She was coming home later. He learned to cook. He burned a lot of food but ate it anyway. His fingers were easily cut with a knife or shaved with a peeler until his movements grew more practiced and less clumsy. He improvised with recipes from books and didn’t always like the results but refused to waste anything. His mother ate whatever he cooked. His visits to the river dwindled. The car broke down. An older looking car that spat grease from the exhaust and held heat like a volcano replaced it. There was one book about cars in the library with a signature in the back he couldn’t decipher. Jig something. His mother brought instructional pamphlets from the shop that gave them the car. He learned how to change the oil, how to replace a tire, and how to bump a dent out with her instruction. The pamphlets were smudged with black fluids by the time he had the information memorized. He’d get a light knock on the head from her when he’d forgotten something, but she always smoothed it away with a pat and a smile.

A strange man came to the house in a red Mercedes asking for someone named Junko. He told the man there was no one with that name here, and the shiny car drove back downhill. She was coming home later.
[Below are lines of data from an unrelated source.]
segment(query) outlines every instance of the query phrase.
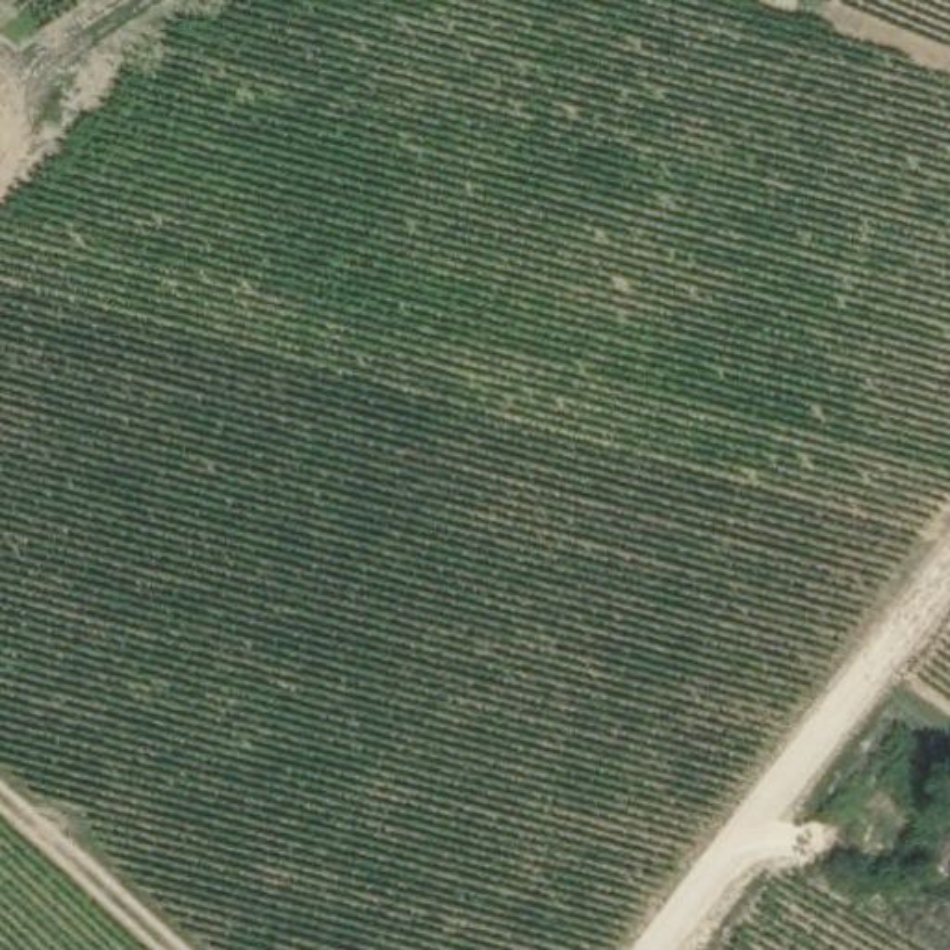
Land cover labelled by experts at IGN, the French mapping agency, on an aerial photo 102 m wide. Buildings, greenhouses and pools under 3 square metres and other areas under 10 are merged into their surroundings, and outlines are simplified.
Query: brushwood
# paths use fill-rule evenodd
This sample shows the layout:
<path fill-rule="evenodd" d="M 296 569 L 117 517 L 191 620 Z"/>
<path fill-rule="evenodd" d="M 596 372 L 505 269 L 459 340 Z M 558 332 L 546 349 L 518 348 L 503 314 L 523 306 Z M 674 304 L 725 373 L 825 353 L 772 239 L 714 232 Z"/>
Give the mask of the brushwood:
<path fill-rule="evenodd" d="M 831 846 L 816 861 L 839 891 L 883 894 L 891 902 L 909 902 L 917 891 L 928 891 L 931 898 L 950 898 L 950 828 L 928 831 L 920 828 L 920 816 L 931 805 L 928 783 L 950 779 L 950 724 L 913 727 L 894 720 L 883 731 L 879 746 L 865 757 L 865 776 L 879 776 L 894 805 L 905 805 L 905 824 L 894 846 L 879 854 L 865 854 L 861 846 Z"/>

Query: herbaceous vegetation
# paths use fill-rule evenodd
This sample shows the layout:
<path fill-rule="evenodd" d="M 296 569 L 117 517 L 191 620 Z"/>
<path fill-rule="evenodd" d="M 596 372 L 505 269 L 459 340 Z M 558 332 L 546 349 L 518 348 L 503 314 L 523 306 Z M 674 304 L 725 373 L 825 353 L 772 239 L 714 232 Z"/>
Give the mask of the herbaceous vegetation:
<path fill-rule="evenodd" d="M 913 928 L 917 946 L 924 950 L 950 950 L 950 898 L 931 898 L 928 891 L 917 891 L 909 902 L 891 902 L 887 913 Z"/>
<path fill-rule="evenodd" d="M 850 731 L 842 750 L 828 761 L 809 798 L 794 813 L 794 824 L 835 828 L 831 846 L 861 846 L 865 854 L 879 854 L 894 846 L 905 824 L 905 805 L 894 805 L 879 776 L 865 776 L 865 757 L 879 746 L 883 731 L 894 720 L 913 727 L 950 724 L 950 720 L 928 701 L 920 701 L 913 690 L 891 683 L 868 709 L 868 716 Z"/>

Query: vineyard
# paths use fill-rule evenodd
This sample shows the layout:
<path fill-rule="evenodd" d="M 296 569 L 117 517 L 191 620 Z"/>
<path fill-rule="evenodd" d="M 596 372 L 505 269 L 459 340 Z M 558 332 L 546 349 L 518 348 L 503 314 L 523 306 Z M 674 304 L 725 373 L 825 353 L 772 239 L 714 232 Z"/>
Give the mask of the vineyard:
<path fill-rule="evenodd" d="M 950 0 L 861 0 L 876 19 L 950 48 Z"/>
<path fill-rule="evenodd" d="M 950 74 L 913 63 L 909 52 L 894 45 L 846 37 L 820 15 L 783 11 L 776 0 L 0 0 L 0 63 L 15 63 L 15 74 L 26 85 L 26 108 L 33 111 L 30 156 L 37 160 L 30 178 L 15 182 L 0 200 L 0 776 L 30 802 L 37 802 L 52 820 L 59 820 L 82 850 L 89 850 L 104 868 L 111 868 L 193 950 L 627 950 L 649 924 L 649 902 L 672 898 L 679 879 L 709 850 L 709 842 L 738 809 L 738 802 L 787 746 L 794 727 L 809 716 L 816 698 L 828 690 L 828 683 L 854 661 L 868 635 L 883 623 L 887 609 L 898 605 L 902 590 L 931 557 L 931 546 L 920 538 L 920 531 L 950 497 Z"/>
<path fill-rule="evenodd" d="M 93 902 L 45 850 L 37 850 L 19 828 L 11 828 L 0 816 L 0 950 L 148 950 L 100 902 Z"/>
<path fill-rule="evenodd" d="M 924 642 L 902 664 L 894 664 L 891 683 L 913 690 L 920 701 L 928 701 L 950 720 L 950 609 L 924 635 Z"/>
<path fill-rule="evenodd" d="M 883 894 L 839 891 L 816 861 L 787 872 L 757 872 L 742 887 L 735 905 L 724 913 L 724 920 L 713 928 L 713 939 L 701 950 L 924 950 L 917 946 L 913 928 L 887 913 L 891 902 Z"/>

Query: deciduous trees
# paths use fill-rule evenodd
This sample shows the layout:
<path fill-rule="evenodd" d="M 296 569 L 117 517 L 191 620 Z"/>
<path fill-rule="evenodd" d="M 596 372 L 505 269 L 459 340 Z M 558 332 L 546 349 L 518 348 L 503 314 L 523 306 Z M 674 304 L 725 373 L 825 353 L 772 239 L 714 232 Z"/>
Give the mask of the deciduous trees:
<path fill-rule="evenodd" d="M 920 816 L 920 828 L 928 831 L 950 828 L 950 779 L 928 783 L 931 805 Z"/>

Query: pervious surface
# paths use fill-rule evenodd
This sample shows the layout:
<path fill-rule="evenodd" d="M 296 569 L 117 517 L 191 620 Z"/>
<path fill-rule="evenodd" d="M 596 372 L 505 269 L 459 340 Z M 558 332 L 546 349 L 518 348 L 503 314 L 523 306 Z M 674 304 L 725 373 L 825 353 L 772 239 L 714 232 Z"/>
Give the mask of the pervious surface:
<path fill-rule="evenodd" d="M 15 63 L 0 63 L 0 200 L 15 182 L 30 178 L 37 160 L 30 156 L 33 111 L 26 108 L 26 85 L 15 74 Z"/>
<path fill-rule="evenodd" d="M 850 731 L 868 716 L 868 709 L 891 683 L 894 664 L 902 664 L 924 642 L 924 635 L 950 609 L 950 497 L 920 531 L 920 538 L 931 546 L 931 557 L 902 590 L 898 605 L 887 609 L 883 623 L 868 635 L 854 661 L 828 683 L 828 690 L 816 698 L 809 716 L 794 727 L 787 746 L 738 802 L 738 809 L 709 842 L 709 850 L 679 879 L 672 898 L 649 902 L 649 924 L 627 950 L 701 950 L 713 939 L 713 928 L 724 920 L 724 913 L 735 905 L 742 887 L 757 872 L 787 872 L 816 861 L 831 846 L 835 828 L 794 824 L 794 813 L 809 798 L 828 761 L 842 750 Z"/>
<path fill-rule="evenodd" d="M 0 776 L 0 816 L 11 828 L 19 828 L 37 850 L 45 850 L 93 902 L 100 902 L 148 950 L 193 950 L 111 868 L 104 868 L 89 850 L 82 850 L 59 820 L 52 820 L 37 802 L 30 802 Z"/>
<path fill-rule="evenodd" d="M 783 11 L 820 15 L 846 37 L 894 45 L 909 52 L 913 63 L 950 74 L 950 48 L 876 19 L 861 0 L 776 0 Z"/>

He left a plate wrapped for her on the counter before he went to bed. Her lunches began to go untouched, and he’d eat them before they went bad. He listened to the radio when he read. He played records when he cleaned. He hummed to himself when he fixed the car. He hated math but studied it anyway. It was somewhere to put his frustration. Where was she going? He never asked. On special occasions over dinner, they talked about their days with her tired voice and his expanded vocabulary in the language that matched.

One week after Valentine’s Day, she didn’t come home. He waited for the sputtering of the car to spiral up the driveway. He went downhill and across the road to the farmhouse where they got butter and milk, but the owners hadn’t seen her. He made dinner and prepped her lunches eating them before they went bad until he ran out of food. He read books about missing people both real and fictional to try and find a motive or clues as to where she’d gone. He listened to people talk on the radio, but he never heard her name when talk of police work came up. Was he the only one who would’ve reported her absence? Why hadn’t her friends come? Her co-workers? He’d seen her use the phone, so he knew it worked, but no one called to ask about her. He was sixteen years old when he made the long trek back to the city leaving his grandmother’s house to rot on a hill by the river.
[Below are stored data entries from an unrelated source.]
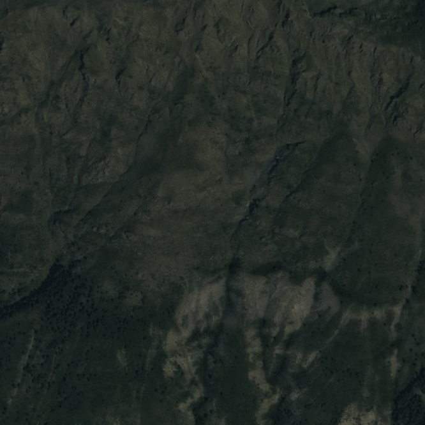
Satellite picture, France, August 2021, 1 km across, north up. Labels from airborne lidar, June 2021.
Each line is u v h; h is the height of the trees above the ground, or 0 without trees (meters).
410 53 0
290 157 0
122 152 0
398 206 0
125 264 0
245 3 0
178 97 0
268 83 0
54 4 0
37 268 11
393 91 0
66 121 0
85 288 9
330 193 0
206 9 0
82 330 10
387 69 0
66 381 12
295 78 0
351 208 0
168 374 0
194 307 0
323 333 7
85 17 0
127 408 0
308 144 0
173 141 0
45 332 0
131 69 0
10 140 0
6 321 17
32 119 0
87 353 7
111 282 0
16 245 6
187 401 0
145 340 12
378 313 0
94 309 8
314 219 0
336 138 0
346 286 8
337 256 0
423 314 0
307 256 0
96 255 0
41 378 10
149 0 0
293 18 0
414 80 0
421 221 0
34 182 0
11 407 0
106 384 0
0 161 0
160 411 0
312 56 0
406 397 31
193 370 0
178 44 0
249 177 0
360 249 0
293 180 0
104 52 0
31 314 0
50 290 29
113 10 0
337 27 0
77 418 0
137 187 0
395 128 0
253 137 0
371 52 0
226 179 0
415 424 28
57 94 0
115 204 0
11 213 0
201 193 0
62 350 11
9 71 0
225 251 6
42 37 0
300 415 0
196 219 0
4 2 0
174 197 0
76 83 0
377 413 0
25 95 0
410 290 0
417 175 0
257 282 0
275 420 12
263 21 0
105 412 0
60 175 0
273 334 0
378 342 0
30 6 0
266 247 8
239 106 0
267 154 0
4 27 0
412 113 0
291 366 0
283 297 0
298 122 0
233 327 0
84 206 0
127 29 0
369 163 0
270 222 0
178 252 0
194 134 0
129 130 0
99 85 0
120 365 0
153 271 0
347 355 0
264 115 0
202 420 9
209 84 0
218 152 0
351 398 0
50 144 0
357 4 0
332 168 0
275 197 0
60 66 0
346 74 0
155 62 0
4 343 8
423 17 0
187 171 0
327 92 0
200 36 0
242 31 0
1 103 0
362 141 0
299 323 0
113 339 12
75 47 0
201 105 0
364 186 0
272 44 0
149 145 0
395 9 0
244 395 8
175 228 0
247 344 0
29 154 0
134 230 0
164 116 0
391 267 0
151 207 0
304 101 0
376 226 0
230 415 0
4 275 9
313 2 0
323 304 0
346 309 0
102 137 0
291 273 8
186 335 0
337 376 0
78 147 0
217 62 0
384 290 0
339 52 0
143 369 8
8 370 6
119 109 0
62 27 0
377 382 0
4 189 0
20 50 0
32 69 0
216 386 0
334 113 0
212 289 0
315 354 0
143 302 9
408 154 0
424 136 0
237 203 0
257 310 0
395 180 0
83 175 0
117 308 12
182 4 0
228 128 0
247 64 0
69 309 15
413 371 0
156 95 0
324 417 0
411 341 0
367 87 0
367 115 0
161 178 0
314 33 0
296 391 0
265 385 0
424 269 7
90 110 0
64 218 0
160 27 0
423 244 0
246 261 0
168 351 0
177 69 0
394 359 0
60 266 9
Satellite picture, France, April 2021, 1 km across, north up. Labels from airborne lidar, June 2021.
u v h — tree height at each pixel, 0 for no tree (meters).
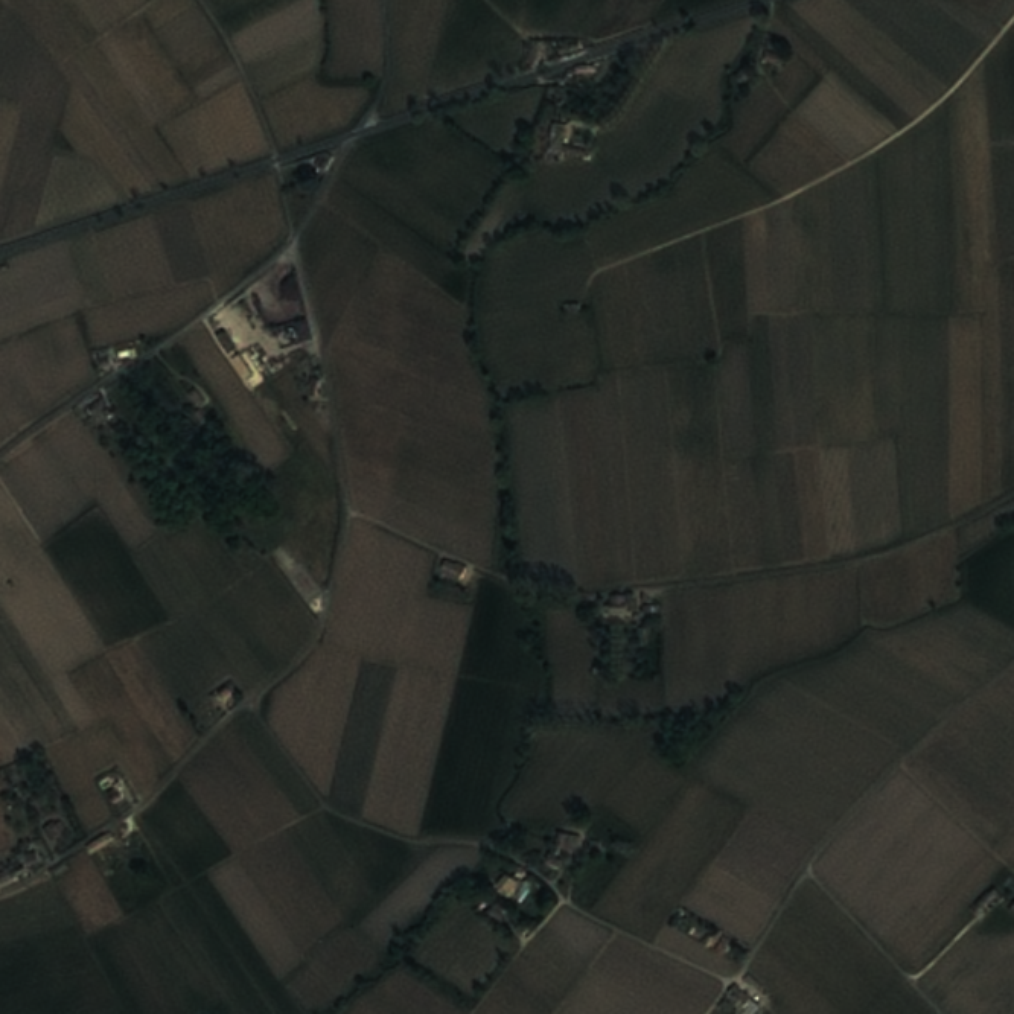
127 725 0
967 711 0
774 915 0
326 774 0
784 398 0
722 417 0
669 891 0
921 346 0
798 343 0
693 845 0
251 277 0
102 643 0
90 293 0
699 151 19
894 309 0
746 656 0
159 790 0
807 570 0
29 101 0
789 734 0
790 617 0
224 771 0
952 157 0
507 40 0
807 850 0
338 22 0
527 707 0
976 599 0
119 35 0
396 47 0
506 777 0
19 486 0
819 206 0
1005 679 0
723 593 0
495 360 0
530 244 0
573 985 0
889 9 0
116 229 0
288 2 0
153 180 0
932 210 0
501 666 0
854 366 0
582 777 0
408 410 0
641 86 17
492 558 0
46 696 0
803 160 0
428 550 0
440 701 0
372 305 0
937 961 0
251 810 0
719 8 0
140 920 0
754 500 0
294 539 0
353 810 0
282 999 0
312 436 0
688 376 0
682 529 0
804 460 0
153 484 14
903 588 0
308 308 0
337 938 0
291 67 0
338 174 0
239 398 0
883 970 0
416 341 0
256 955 0
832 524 0
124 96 0
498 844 17
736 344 0
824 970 0
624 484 0
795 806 0
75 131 0
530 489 0
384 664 0
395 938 8
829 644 0
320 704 0
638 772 0
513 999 0
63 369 0
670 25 0
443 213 0
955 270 0
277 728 0
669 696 0
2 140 0
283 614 0
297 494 0
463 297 0
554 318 0
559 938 0
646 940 0
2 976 0
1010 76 0
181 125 0
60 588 0
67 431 0
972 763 0
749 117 0
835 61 0
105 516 0
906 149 0
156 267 0
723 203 0
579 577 0
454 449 0
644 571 0
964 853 0
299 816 0
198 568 0
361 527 0
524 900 0
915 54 0
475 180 0
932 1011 0
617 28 0
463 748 0
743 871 0
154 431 8
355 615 0
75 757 0
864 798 0
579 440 0
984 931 0
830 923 0
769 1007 0
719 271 0
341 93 0
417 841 0
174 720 0
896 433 0
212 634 0
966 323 0
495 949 0
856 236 0
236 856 0
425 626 0
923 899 0
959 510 0
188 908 0
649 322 0
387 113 0
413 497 0
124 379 10
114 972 0
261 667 0
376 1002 0
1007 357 0
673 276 0
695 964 0
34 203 0

Jigen bussed tables for an underground mafia operation when a young woman came into the restaurant with papers clutched in her hands. He’d dropped the tray of dishware he was holding. She’d looked almost nothing like his mother and everything like him. He swept up the mess calling out for a smoke break and followed her outside. They stood huddled in an alleyway while she spoke in a low voice and showed him pictures. Twins. Another woman. The chance of losing a reputation. Her father’s recent passing. His father’s recent passing.

“She never told me.” He ignored the dulled ache in his chest. Then he looked at the woman. His sister. Her cheeks were more filled out, her hair just as wild as his own, but her eyes were the same down-turned tired looking eyes with monolids as his mother. She looked healthy. Healthier than him.

“They killed him, you know,” She said as she shoved the papers into her jacket. “He made too much money and someone wanted his job.”

He nodded and pushed himself further against the wall when he felt the first drop of rain.

“He didn’t leave me anything but papers and pictures.” She was glaring at the trash cans. A rat skittered by.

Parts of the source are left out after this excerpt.